Martin Weinberg <weinberg(at)osprey(dot)astro(dot)umass(dot)edu> writes:
> This does work but appends the updates (until the next vacuum).
> For a 100GB database, this is too large of a storage overhead.
> Is there another good way?

There is no alternative; any sort of update operation will write a
new tuple value without first deleting the old.
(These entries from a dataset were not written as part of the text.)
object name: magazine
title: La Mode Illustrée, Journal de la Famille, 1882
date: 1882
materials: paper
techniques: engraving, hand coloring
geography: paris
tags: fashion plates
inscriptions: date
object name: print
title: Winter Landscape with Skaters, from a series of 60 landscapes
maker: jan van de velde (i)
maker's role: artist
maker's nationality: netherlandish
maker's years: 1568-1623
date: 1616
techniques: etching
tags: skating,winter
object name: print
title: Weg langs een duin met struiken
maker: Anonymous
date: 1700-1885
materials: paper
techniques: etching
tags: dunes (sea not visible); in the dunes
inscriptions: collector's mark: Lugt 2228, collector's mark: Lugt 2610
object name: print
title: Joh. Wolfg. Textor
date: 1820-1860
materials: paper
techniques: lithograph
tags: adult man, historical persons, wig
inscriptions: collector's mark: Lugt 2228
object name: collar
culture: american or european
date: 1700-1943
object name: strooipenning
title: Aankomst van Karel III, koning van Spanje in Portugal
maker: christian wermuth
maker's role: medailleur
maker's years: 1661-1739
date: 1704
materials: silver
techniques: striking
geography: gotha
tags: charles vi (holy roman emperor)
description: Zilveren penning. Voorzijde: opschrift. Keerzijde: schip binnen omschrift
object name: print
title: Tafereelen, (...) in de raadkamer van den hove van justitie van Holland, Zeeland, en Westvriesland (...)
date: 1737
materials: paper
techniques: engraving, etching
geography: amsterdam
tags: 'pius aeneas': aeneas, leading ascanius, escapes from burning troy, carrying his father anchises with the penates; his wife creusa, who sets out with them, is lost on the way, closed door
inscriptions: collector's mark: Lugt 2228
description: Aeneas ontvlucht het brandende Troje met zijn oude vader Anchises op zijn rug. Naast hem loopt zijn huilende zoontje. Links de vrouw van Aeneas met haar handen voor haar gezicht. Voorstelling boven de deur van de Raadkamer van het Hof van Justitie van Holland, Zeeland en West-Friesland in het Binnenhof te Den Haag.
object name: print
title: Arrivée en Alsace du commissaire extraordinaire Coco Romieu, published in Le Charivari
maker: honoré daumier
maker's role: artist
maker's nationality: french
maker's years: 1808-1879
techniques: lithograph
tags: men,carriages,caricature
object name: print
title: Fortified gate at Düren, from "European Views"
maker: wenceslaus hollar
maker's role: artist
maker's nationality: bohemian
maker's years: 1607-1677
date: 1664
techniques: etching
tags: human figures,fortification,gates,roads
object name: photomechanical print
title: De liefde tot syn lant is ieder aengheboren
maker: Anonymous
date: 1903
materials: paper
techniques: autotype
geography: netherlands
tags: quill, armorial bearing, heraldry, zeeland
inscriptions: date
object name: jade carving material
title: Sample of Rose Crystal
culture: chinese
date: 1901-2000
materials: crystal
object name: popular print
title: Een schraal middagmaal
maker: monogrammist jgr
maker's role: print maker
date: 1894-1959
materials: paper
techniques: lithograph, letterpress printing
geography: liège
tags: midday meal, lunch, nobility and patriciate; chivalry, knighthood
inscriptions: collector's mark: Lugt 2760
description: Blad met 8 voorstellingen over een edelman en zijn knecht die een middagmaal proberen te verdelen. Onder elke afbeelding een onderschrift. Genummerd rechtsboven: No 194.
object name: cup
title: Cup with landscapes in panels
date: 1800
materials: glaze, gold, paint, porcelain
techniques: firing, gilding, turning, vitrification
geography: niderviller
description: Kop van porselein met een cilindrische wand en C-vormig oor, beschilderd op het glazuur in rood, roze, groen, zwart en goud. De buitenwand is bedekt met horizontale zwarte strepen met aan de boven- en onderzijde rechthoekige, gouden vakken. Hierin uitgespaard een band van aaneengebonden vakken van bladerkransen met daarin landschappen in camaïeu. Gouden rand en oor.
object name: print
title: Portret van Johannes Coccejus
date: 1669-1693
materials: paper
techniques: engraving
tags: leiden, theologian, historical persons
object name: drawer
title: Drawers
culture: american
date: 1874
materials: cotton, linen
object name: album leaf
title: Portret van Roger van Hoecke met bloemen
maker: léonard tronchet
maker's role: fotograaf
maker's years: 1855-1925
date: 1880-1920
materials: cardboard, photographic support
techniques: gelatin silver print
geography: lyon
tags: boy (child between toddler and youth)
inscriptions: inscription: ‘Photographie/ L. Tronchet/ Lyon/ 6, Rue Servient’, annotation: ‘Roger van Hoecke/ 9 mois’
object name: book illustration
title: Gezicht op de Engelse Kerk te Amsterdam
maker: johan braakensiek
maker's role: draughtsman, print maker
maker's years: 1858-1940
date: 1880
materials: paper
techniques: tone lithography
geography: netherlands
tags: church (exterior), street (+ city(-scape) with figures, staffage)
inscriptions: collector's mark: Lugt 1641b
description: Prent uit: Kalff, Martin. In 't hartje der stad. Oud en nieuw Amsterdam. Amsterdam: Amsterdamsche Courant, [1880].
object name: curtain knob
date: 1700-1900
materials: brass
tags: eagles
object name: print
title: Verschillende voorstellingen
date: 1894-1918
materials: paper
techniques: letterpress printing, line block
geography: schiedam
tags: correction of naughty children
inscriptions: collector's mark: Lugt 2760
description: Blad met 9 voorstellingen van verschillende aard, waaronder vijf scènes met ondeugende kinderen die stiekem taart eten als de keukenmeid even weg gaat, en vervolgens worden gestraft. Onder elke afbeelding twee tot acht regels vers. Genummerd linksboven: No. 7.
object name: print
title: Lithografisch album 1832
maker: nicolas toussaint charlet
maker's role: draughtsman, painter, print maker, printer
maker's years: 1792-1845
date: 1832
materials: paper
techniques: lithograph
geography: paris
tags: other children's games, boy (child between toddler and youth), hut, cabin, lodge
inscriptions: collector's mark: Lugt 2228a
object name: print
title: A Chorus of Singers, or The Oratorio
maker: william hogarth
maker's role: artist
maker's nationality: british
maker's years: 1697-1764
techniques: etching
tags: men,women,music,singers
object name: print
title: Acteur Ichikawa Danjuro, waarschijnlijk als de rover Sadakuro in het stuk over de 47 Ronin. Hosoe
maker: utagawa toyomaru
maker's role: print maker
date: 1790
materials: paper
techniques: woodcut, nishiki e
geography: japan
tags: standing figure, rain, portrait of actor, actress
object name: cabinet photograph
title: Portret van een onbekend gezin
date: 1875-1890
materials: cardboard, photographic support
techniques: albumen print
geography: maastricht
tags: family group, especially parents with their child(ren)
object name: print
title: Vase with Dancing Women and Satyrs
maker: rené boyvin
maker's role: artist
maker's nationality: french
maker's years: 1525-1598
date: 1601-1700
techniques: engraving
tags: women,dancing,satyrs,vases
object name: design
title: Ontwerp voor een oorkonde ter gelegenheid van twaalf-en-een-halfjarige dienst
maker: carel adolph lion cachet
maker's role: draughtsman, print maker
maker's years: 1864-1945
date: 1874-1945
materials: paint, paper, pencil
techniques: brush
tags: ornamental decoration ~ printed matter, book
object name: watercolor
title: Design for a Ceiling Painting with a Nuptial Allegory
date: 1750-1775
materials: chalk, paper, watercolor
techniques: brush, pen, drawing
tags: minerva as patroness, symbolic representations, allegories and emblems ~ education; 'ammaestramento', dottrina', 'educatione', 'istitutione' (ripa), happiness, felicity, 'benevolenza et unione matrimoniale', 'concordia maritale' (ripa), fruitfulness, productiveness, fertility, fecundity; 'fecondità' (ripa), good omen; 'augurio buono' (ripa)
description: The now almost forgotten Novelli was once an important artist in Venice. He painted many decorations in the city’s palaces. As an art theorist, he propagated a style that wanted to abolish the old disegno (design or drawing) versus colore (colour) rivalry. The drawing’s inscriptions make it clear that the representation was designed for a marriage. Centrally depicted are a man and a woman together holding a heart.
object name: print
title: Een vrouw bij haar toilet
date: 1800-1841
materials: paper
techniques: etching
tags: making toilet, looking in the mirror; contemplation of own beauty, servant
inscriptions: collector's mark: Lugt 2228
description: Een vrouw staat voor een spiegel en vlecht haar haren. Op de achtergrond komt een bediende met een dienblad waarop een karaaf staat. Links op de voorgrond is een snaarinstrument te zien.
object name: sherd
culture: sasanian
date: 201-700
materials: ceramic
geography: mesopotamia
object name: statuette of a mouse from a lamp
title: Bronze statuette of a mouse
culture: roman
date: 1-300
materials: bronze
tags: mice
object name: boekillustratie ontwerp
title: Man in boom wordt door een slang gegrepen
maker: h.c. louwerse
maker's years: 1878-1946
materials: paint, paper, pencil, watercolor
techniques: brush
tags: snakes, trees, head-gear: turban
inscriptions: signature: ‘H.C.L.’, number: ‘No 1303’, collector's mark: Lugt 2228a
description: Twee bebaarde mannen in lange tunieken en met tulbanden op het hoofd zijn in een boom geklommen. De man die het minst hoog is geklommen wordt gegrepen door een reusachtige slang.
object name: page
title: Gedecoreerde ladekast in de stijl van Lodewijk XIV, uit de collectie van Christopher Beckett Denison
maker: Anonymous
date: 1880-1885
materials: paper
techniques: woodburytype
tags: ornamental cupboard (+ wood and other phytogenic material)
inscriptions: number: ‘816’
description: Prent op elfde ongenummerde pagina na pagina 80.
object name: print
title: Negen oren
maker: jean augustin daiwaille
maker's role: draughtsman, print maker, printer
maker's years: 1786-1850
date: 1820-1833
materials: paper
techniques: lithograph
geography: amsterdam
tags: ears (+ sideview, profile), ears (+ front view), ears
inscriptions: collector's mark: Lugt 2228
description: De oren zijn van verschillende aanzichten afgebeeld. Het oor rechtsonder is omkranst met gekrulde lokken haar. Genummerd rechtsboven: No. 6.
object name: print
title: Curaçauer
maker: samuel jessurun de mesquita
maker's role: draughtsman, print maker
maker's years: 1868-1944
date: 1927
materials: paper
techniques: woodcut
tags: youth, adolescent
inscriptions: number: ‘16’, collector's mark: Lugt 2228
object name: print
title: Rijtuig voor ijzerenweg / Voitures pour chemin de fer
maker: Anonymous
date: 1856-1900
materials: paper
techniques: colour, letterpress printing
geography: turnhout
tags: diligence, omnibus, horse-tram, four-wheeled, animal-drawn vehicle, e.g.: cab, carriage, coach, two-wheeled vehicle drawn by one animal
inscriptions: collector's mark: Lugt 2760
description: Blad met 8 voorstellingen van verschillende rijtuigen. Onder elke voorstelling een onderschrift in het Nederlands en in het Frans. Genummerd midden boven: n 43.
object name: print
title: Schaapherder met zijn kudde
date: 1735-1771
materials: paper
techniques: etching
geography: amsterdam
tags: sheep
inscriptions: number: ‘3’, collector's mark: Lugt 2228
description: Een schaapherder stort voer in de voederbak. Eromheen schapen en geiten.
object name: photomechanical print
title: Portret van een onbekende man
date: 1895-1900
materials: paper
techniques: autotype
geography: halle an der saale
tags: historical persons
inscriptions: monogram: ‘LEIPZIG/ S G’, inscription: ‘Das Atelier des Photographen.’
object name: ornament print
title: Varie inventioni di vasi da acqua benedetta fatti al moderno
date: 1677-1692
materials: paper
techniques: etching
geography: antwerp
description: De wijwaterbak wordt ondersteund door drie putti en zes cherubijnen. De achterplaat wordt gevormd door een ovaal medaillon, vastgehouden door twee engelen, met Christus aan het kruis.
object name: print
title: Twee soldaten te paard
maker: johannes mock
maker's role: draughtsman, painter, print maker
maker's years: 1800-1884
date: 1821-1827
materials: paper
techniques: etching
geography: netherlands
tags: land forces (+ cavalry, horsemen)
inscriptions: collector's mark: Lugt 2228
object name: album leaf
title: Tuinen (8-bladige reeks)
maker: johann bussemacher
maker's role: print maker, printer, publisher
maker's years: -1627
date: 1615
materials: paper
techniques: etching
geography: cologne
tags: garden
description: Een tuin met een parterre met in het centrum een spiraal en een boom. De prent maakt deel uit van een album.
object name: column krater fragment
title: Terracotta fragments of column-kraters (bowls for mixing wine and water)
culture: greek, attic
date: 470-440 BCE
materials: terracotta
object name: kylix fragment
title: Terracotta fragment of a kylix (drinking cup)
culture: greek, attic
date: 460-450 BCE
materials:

This must be so
to preserve transaction semantics: if an error occurs later on
during the update (eg, violation of a unique-index constraint) the
old tuple value must still be there.

The only answer I can see is to update however many tuples you can
spare the space for, commit the transaction, vacuum, repeat.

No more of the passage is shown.